The challenge is that, in this exercise, you *won't* always know the encryption key.


In [142]:
def decode(x, encrypt_key=0):
  msg = ''
  for c in [''.join(b) for b in np.split(np.array(list(circshift(x, -encrypt_key))), len(x) / 8)]:
    try:
      msg += ascii_table.query(f'binary == "{c}"')['character'].values[0]
    except:
      msg += '*'
  return msg


## Code breaking

Your first job is to write a function, `decrypt`, to reliably(!) decrypt a message containing the characters a--z (lowercase letters), A--Z (uppercase letters), and some basic punctuation (!, -, ., and " ").  You can assume that the original message would make sense (e.g., to a fluent English speaker).

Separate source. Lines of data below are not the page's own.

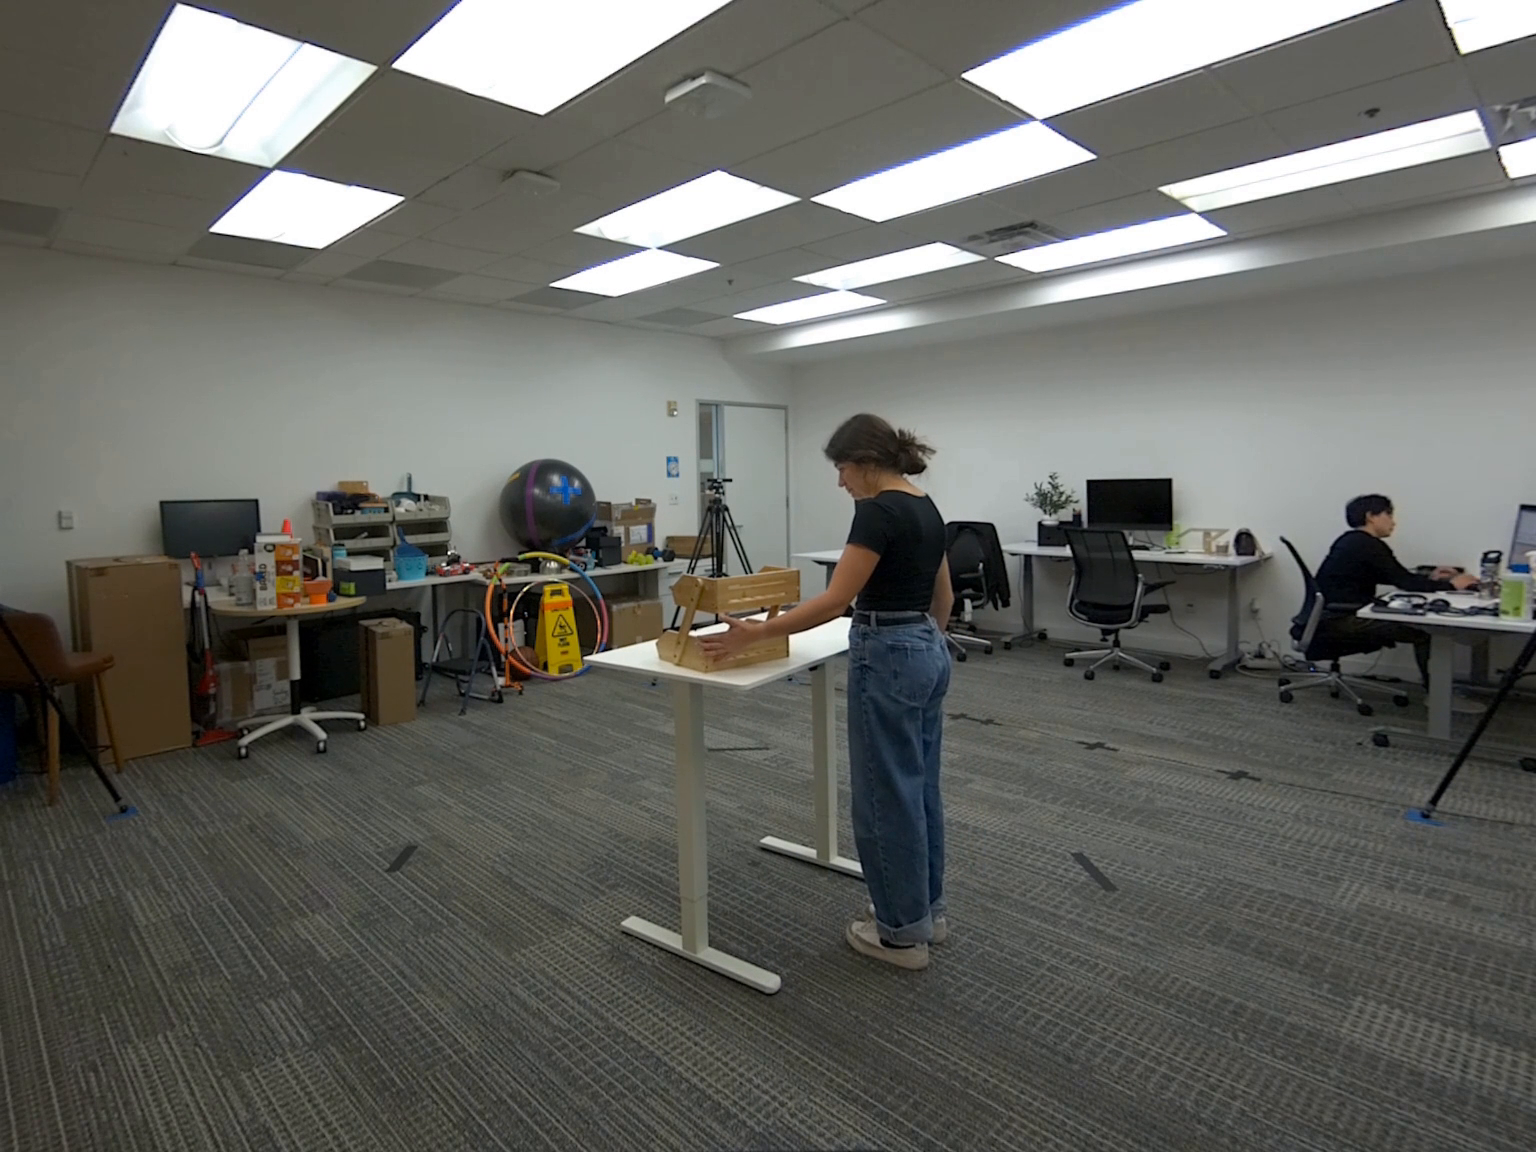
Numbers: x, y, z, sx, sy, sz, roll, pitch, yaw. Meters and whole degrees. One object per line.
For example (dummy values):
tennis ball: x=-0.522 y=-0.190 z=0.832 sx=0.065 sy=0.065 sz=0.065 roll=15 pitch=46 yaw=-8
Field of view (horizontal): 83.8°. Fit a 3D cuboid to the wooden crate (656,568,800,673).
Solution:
wooden crate: x=-0.111 y=0.107 z=2.452 sx=0.316 sy=0.272 sz=0.311 roll=-6 pitch=8 yaw=-38

Next, you'll use the decryption function (or snippets from it) to create a permutation test of whether a given message was encrypted with a specific key.  You should implement 

In [None]:
def decrypt(x):
  ### BEGIN YOUR CODE
  pass
  ### END YOUR CODE
  return msg #best guess at decoded message

In [None]:
def permutation_test(x, encrypt_key):
  ### BEGIN YOUR CODE
  pass
  ### END YOUR CODE
  return p #p-value (estimated probability that the given encrypt_key is *not* correct)

# Some examples to get you started

Let's explore a few simple examples to explore how `encode` and `decode` work.  We'll start by using an encryption key of 5 to encode and encrypt the string `'this is a test'`:

In [175]:
test_message = 'this is a test'
key = 5
encrypted_message = encode(test_message, encrypt_key=key)
print(encrypted_message)

1000110100001101001011100110010000001101001011100110010000001100001001000000111010001100101011100110111010001110


If we try to decode the encrypted message with the wrong key, we get gibberish:

In [180]:
guess = 0
print(decode(encrypted_message, encrypt_key=guess))

**.d*.d*****n*


But if we decode the encrypted message with the correct key, we get back the original message:

In [181]:
print(decode(encrypted_message, encrypt_key=key))

this is a test


We can also add in some "illegal" characters that aren't in the lookup table, to see how that can make things more...interesting:

In [182]:
decode(encode('Is this a test? Or is this just practice? Or both!?'))

'Is this a testw Or is this just practice* Or both!*'

# Now for some "real" messages...

I've encrypted a set of 83 messages using a new randomly selected encryption key for each message:

In [231]:
encrypted = pd.read_csv('https://raw.githubusercontent.com/ContextLab/cs-for-psych/master/slides/module_6/encrypted.csv').drop(['Unnamed: 0'], axis=1)
encrypted.head()

Unnamed: 0,message
0,1100001001000000110001001101111011011110110101...
1,1100101011101000111010101101110011010010110000...
2,1000010110111001100100001000000110000101101110...
3,1100110011100100000011101000110111100100000011...
4,0011010010110000100101110001000000100100001101...


Can you recover the keys and decode the messages?  Good luck!